[Dataset excerpts]
- - - - -
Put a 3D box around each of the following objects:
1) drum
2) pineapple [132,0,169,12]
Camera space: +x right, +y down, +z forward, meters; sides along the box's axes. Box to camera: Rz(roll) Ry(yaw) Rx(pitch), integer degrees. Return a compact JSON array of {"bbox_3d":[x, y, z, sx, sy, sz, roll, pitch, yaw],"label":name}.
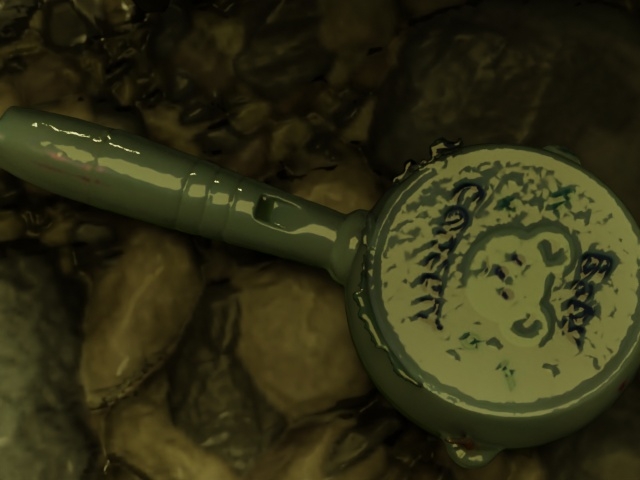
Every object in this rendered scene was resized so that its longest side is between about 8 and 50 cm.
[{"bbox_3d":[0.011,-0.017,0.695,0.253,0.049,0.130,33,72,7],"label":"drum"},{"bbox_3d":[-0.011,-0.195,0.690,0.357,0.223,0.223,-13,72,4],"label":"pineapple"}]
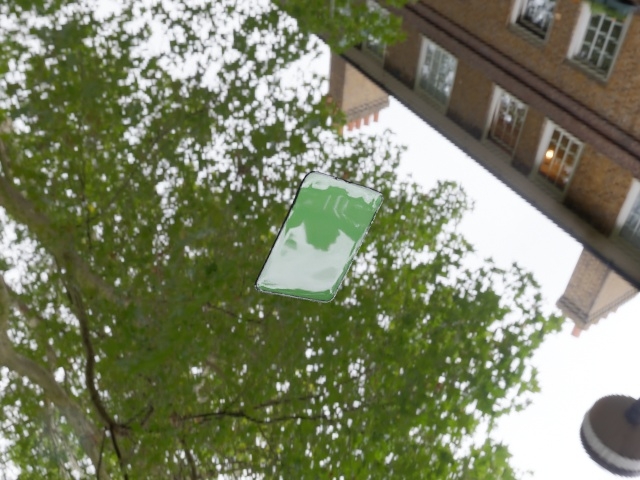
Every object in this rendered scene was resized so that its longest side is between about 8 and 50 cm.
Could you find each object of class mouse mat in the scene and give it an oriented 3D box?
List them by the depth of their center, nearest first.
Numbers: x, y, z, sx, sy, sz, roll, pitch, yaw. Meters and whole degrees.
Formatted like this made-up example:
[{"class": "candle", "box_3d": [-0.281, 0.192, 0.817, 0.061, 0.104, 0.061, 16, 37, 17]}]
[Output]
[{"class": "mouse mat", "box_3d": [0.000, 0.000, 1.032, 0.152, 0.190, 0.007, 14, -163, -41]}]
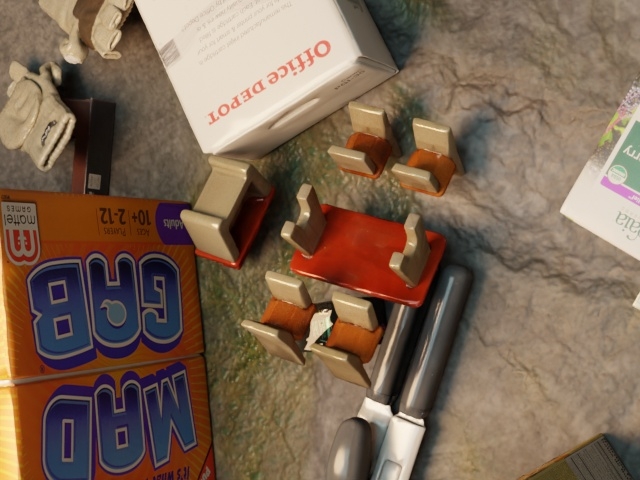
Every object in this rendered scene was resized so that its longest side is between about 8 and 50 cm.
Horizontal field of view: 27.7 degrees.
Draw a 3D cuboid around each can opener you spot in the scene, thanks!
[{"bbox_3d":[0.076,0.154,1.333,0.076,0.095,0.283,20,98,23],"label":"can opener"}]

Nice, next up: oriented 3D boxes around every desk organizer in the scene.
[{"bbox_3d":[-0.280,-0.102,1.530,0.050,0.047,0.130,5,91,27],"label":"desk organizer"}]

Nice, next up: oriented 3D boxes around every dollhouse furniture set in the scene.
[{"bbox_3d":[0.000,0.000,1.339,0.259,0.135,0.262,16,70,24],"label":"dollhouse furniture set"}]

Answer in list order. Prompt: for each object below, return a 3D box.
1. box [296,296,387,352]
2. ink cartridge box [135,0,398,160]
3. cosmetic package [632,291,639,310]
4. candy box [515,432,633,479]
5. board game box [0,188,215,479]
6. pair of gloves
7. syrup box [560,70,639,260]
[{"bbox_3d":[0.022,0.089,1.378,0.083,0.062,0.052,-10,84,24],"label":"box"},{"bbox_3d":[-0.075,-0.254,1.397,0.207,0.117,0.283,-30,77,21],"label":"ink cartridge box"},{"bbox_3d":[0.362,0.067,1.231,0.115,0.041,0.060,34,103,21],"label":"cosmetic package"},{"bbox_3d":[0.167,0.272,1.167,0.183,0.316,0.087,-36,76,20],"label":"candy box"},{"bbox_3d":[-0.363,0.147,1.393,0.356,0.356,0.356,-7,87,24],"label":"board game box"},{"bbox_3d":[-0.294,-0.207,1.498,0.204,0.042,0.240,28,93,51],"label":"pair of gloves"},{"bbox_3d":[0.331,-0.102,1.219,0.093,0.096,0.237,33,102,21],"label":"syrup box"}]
- - - - -
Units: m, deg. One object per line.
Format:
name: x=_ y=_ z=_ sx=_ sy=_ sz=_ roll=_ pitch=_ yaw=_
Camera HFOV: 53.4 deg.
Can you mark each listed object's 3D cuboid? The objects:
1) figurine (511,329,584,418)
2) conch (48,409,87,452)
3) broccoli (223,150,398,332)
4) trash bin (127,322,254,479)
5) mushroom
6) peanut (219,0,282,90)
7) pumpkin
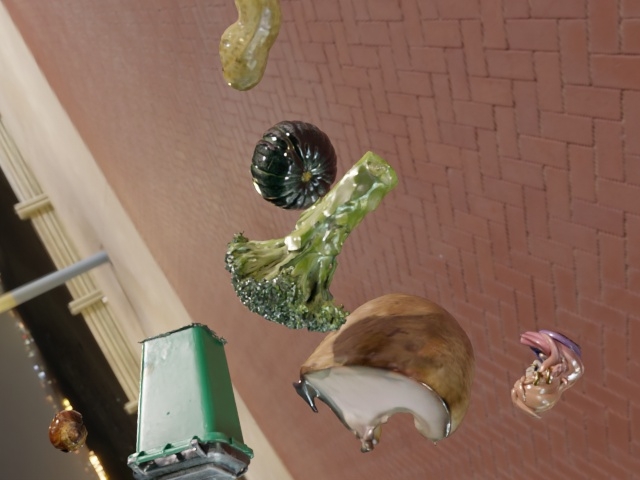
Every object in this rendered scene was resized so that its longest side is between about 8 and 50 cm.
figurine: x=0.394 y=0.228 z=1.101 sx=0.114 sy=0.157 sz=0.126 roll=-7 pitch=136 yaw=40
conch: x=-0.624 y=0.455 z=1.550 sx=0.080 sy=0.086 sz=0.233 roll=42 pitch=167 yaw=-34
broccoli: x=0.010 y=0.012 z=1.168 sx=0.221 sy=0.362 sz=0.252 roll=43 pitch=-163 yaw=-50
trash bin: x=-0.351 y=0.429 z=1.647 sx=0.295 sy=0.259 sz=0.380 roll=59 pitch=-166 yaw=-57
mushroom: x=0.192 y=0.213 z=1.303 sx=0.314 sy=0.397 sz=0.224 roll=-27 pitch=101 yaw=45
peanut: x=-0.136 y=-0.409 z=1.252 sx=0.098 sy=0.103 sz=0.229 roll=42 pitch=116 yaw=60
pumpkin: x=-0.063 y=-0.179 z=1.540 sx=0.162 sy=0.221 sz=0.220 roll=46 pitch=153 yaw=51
- - - - -
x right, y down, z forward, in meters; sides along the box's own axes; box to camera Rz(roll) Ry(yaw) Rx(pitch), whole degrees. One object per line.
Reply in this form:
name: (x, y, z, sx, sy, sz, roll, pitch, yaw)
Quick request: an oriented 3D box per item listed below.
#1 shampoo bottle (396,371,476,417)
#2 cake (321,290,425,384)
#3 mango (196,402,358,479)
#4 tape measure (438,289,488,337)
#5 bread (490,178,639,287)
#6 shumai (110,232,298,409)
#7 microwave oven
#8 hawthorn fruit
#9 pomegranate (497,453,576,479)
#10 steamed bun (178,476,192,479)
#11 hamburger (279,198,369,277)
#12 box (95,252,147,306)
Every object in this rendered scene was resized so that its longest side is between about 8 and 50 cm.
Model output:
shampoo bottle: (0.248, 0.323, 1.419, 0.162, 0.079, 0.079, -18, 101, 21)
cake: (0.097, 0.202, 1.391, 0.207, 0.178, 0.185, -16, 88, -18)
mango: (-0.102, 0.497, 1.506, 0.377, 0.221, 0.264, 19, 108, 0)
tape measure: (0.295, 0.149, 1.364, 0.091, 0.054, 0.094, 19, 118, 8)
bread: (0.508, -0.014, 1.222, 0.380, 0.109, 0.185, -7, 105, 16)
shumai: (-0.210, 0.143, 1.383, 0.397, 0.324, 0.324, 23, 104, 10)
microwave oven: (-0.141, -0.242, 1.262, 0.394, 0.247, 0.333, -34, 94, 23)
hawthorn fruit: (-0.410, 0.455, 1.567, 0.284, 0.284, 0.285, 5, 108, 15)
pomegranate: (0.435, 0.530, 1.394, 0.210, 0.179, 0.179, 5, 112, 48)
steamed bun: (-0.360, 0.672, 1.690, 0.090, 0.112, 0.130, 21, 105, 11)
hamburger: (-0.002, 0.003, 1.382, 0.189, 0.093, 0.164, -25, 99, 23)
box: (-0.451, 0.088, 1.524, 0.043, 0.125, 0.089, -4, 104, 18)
- - - - -
__Task details__:
Above are some records; quote exactly and only the lines that begin at the line containing "Put a 3D box" and stop after the line containing "List them by", leaving out the pictures.

__Written response__:
Put a 3D box around each of the following objects:
1) drum
2) pineapple [132,0,169,12]
Camera space: +x right, +y down, +z forward, meters; sides along the box's axes. Box to camera: Rz(roll) Ry(yaw) Rx(pitch), integer degrees. Return a compact JSON array of {"bbox_3d":[x, y, z, sx, sy, sz, roll, pitch, yaw],"label":name}.
Every object in this rendered scene was resized so that its longest side is between about 8 and 50 cm.
[{"bbox_3d":[0.011,-0.017,0.695,0.253,0.049,0.130,33,72,7],"label":"drum"},{"bbox_3d":[-0.011,-0.195,0.690,0.357,0.223,0.223,-13,72,4],"label":"pineapple"}]
Every object in this rendered scene was resized so that its longest side is between about 8 and 50 cm.
Could you find each object of class mouse mat in the scene and give it an oriented 3D box?
List them by the depth of their center, nearest first.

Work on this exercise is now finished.